__Exercise brief__: Whatever appears in the records, retype it exactly, except for the pictures.

Extracted records
------------------------------------
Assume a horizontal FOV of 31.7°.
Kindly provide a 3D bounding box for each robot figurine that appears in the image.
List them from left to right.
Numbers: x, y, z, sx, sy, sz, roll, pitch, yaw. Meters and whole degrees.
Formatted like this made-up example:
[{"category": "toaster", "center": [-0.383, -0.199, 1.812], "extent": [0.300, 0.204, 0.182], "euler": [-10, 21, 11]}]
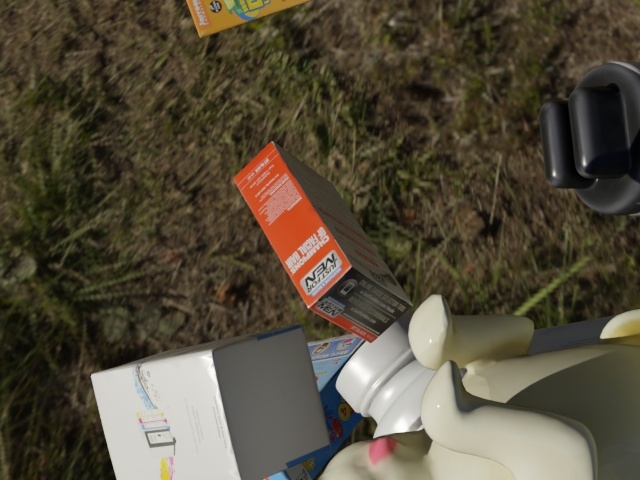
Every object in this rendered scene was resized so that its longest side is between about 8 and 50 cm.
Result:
[{"category": "robot figurine", "center": [0.384, -0.110, 1.254], "extent": [0.278, 0.209, 0.173], "euler": [-2, 121, -23]}]

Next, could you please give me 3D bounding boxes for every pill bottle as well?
[{"category": "pill bottle", "center": [0.170, 0.230, 1.233], "extent": [0.318, 0.176, 0.176], "euler": [45, 113, 20]}]

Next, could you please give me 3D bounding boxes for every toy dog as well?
[{"category": "toy dog", "center": [0.183, 0.211, 0.926], "extent": [0.408, 0.284, 0.395], "euler": [-22, 121, 4]}]

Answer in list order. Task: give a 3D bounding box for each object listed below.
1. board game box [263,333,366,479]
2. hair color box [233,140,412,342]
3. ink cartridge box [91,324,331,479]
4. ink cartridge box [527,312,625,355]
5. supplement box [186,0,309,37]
[{"category": "board game box", "center": [-0.078, 0.278, 1.762], "extent": [0.308, 0.302, 0.086], "euler": [-15, 111, 44]}, {"category": "hair color box", "center": [0.000, 0.000, 0.949], "extent": [0.053, 0.167, 0.093], "euler": [-44, 137, 12]}, {"category": "ink cartridge box", "center": [-0.141, 0.217, 1.433], "extent": [0.233, 0.171, 0.168], "euler": [-14, 89, 40]}, {"category": "ink cartridge box", "center": [0.334, 0.244, 1.695], "extent": [0.066, 0.261, 0.296], "euler": [43, 146, -21]}, {"category": "supplement box", "center": [-0.075, -0.365, 1.619], "extent": [0.234, 0.080, 0.078], "euler": [-18, 109, 9]}]
------------------------------------
__Reply to the exercise__:
Assume a horizontal FOV of 31.7°.
Kindly provide a 3D bounding box for each robot figurine that appears in the image.
List them from left to right.
Numbers: x, y, z, sx, sy, sz, roll, pitch, yaw. Meters and whole degrees.
Formatted like this made-up example:
[{"category": "toaster", "center": [-0.383, -0.199, 1.812], "extent": [0.300, 0.204, 0.182], "euler": [-10, 21, 11]}]
Every object in this rendered scene was resized so that its longest side is between about 8 and 50 cm.
Result:
[{"category": "robot figurine", "center": [0.384, -0.110, 1.254], "extent": [0.278, 0.209, 0.173], "euler": [-2, 121, -23]}]

Next, could you please give me 3D bounding boxes for every pill bottle as well?
[{"category": "pill bottle", "center": [0.170, 0.230, 1.233], "extent": [0.318, 0.176, 0.176], "euler": [45, 113, 20]}]

Next, could you please give me 3D bounding boxes for every toy dog as well?
[{"category": "toy dog", "center": [0.183, 0.211, 0.926], "extent": [0.408, 0.284, 0.395], "euler": [-22, 121, 4]}]

Answer in list order. Task: give a 3D bounding box for each object listed below.
1. board game box [263,333,366,479]
2. hair color box [233,140,412,342]
3. ink cartridge box [91,324,331,479]
4. ink cartridge box [527,312,625,355]
5. supplement box [186,0,309,37]
[{"category": "board game box", "center": [-0.078, 0.278, 1.762], "extent": [0.308, 0.302, 0.086], "euler": [-15, 111, 44]}, {"category": "hair color box", "center": [0.000, 0.000, 0.949], "extent": [0.053, 0.167, 0.093], "euler": [-44, 137, 12]}, {"category": "ink cartridge box", "center": [-0.141, 0.217, 1.433], "extent": [0.233, 0.171, 0.168], "euler": [-14, 89, 40]}, {"category": "ink cartridge box", "center": [0.334, 0.244, 1.695], "extent": [0.066, 0.261, 0.296], "euler": [43, 146, -21]}, {"category": "supplement box", "center": [-0.075, -0.365, 1.619], "extent": [0.234, 0.080, 0.078], "euler": [-18, 109, 9]}]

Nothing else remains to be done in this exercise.